VolgaCTF – XXY – grocid.net

The challenge is presented with the following description:

I remember some of the AI engineers saying this was a very unusual cryptosystem. It was used to encrypt and transmit information of the enormous importance. Moreover, it seems there’s no need to share a key before the transmission.

We’ve found some kind of a key file, a ciphertext and the enciphering script itself. Is it possible to decrypt the data?

The key file consisted of a file with signed 180(?)-bit integers and a ciphertext.

#!/usr/bin/env sage
from sage.all import *


hRR = RealField(10000)


def read_mat(name):
    with open(name, 'r') as f:
        data = f.read()
        data = [map(int, s.split(' '))  for s in data.split('\n')]
        n = len(data)
        M = MatrixSpace(ZZ, n, n)(data)
        return M

def read_ciphertext(ciphertext_file_name):
    with open(ciphertext_file_name, 'r') as f:
        data = f.read()
        e = vector(map(int, data.split(' ')))
        return e

def encrypt(plain_block, W, delta=151):
    n = W.ncols()
    m = vector([ord(ch)  for ch in plain_block])
    r = random_vector(ZZ, n, x=-delta+1, y=delta)
    e = m * W + r
    return e

def decrypt(e, V, W):
    n = V.ncols()
    VV = MatrixSpace(hRR, n, n)(V)
    t = vector([int(round(i))  for i in VV.solve_left(e)])
    v = t * V
    m = W.solve_left(v)
    ciphertext_block = ''.join([chr(i)  for i in m])
    return ciphertext_block

The signed integers forms a $38 \times 38$ matrix $\mathbf{W}$ , which in this case is the public key.

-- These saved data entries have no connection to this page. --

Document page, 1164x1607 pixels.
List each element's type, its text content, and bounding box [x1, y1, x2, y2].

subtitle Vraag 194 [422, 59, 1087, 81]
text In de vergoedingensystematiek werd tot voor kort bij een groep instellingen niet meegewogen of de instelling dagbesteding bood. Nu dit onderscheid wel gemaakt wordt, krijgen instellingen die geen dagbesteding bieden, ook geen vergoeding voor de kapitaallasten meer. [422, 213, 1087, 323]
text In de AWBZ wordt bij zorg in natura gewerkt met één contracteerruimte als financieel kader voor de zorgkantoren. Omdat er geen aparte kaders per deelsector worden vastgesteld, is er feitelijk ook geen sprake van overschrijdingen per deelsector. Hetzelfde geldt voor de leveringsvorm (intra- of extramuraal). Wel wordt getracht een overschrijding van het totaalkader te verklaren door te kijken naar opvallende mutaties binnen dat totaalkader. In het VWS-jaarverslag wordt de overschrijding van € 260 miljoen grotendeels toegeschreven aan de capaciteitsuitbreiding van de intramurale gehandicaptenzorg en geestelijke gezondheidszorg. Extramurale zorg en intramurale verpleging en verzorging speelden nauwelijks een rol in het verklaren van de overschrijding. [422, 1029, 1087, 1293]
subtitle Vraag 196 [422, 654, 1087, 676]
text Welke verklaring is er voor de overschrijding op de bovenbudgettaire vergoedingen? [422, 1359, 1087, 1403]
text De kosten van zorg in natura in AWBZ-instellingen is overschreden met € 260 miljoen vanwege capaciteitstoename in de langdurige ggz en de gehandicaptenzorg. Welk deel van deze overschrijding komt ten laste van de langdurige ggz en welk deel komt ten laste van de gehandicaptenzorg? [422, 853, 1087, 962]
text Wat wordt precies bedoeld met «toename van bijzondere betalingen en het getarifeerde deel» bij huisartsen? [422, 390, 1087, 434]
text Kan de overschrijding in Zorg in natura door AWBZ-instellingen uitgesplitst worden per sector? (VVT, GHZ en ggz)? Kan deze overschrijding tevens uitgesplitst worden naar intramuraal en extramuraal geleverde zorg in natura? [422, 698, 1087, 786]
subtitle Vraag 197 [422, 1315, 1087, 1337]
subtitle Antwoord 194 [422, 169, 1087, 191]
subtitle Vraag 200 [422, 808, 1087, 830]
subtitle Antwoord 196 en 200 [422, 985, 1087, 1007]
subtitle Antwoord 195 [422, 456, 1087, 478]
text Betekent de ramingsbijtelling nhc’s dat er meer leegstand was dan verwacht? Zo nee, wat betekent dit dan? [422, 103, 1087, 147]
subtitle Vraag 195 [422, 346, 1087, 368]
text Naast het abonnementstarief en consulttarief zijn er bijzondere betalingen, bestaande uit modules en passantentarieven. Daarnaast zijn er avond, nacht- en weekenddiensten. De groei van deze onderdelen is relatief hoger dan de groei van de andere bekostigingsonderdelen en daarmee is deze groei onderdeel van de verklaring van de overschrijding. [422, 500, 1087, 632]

The ciphertext $\mathbf{e}$ is formed by computing $\mathbf{m}\mathbf{W} + \mathbf{e}$ , were $\mathbf{m}$ is the message and $\mathbf{r}$ is a random error vector with entries in the range $[-\delta+1,\delta-1]$ . Now, we could use the $\textsf{decrypt}$ function using only the public key. The problem is that it is very ill-conditioned and the basic vectors are not orthogonal and would not produce a correct result.

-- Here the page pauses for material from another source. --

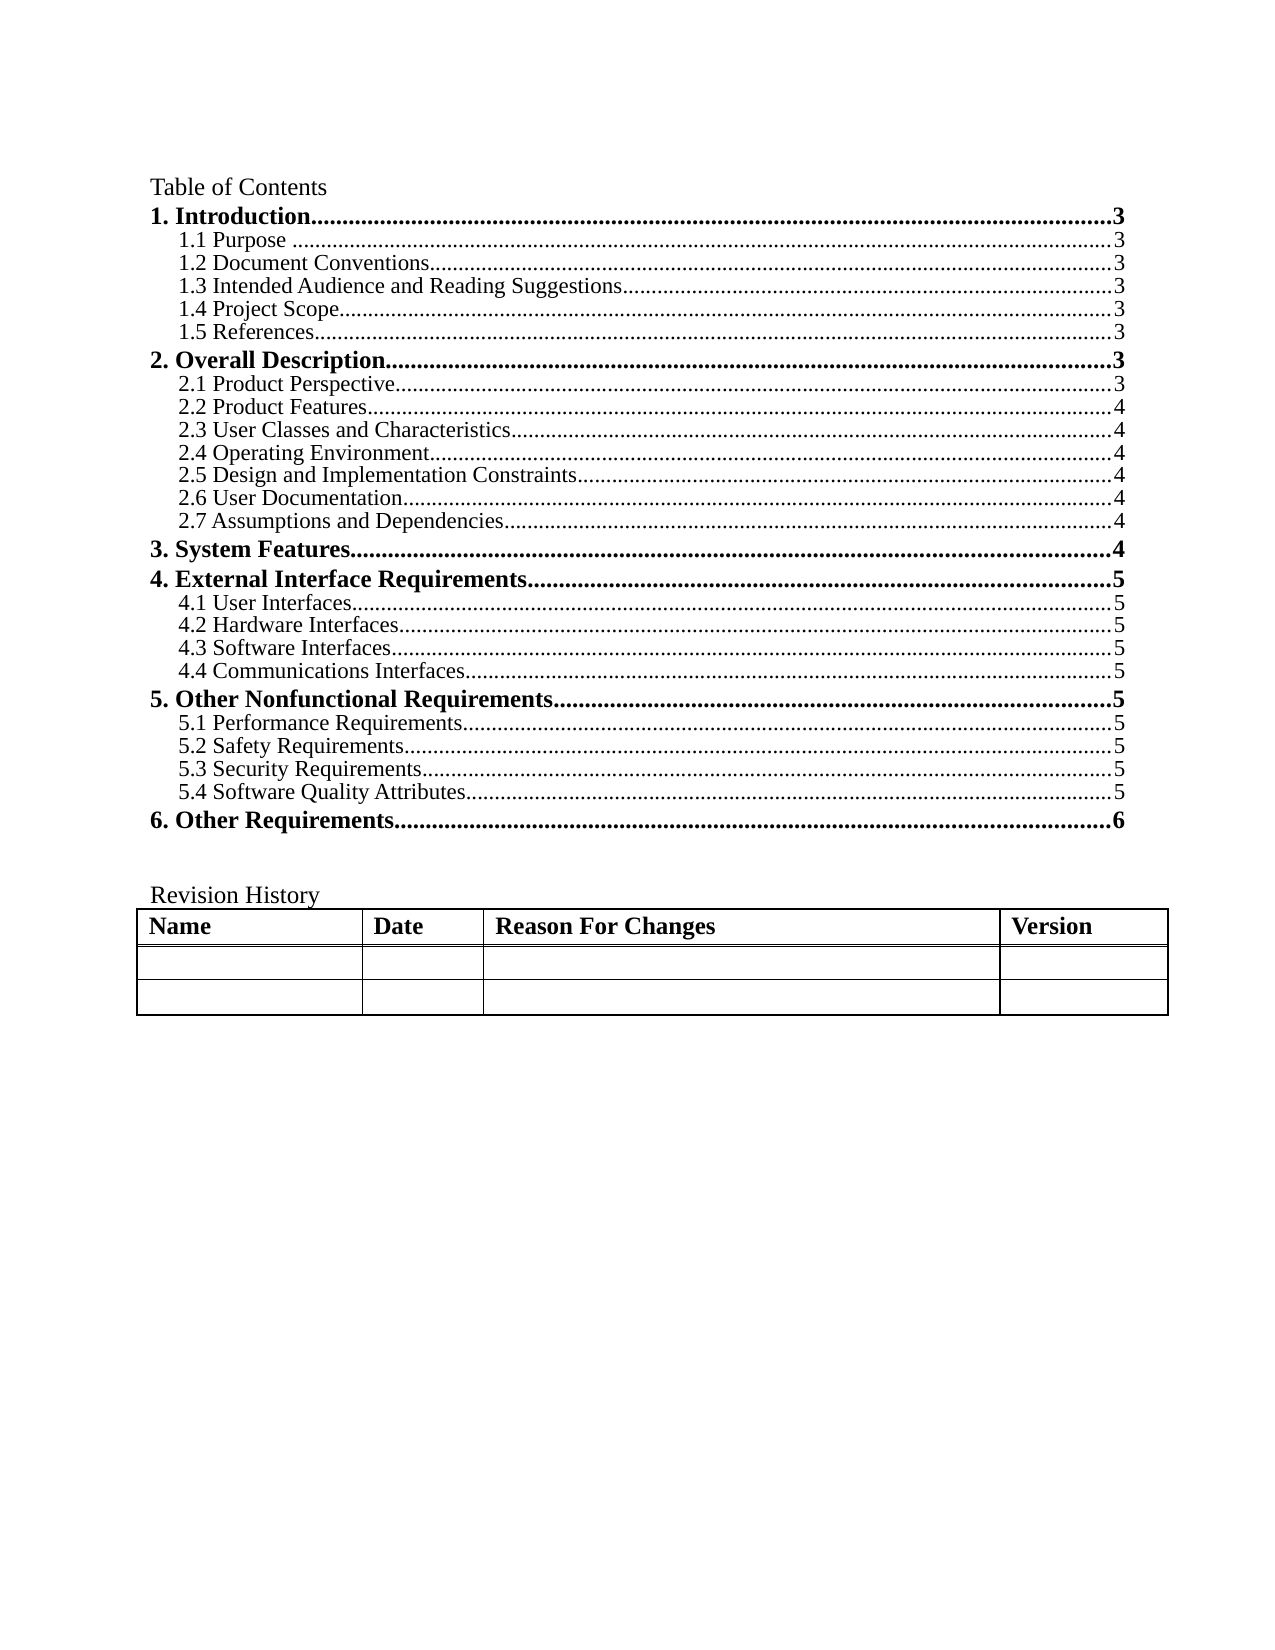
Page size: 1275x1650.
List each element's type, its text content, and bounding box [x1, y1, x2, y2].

So, what can we do to remedy the problem? We can use the LLL algorithm, which tranforms the matrix into a very nicely conditioned matrix using no additional information what-so-ever. This is actually the whole key to the attack. Using Sage, we compute the LLL-reduced form, $\mathbf{V}'$ and can then easily obtain the flag by feeding the $\textsf{decrypt}$ function with the known $\mathbf{e}, \mathbf{W}$ and the estimate $\mathbf V'$ . Doing so, outputs the flag VolgaCTF{GGH_uses_Babai_and_hates_LLL}.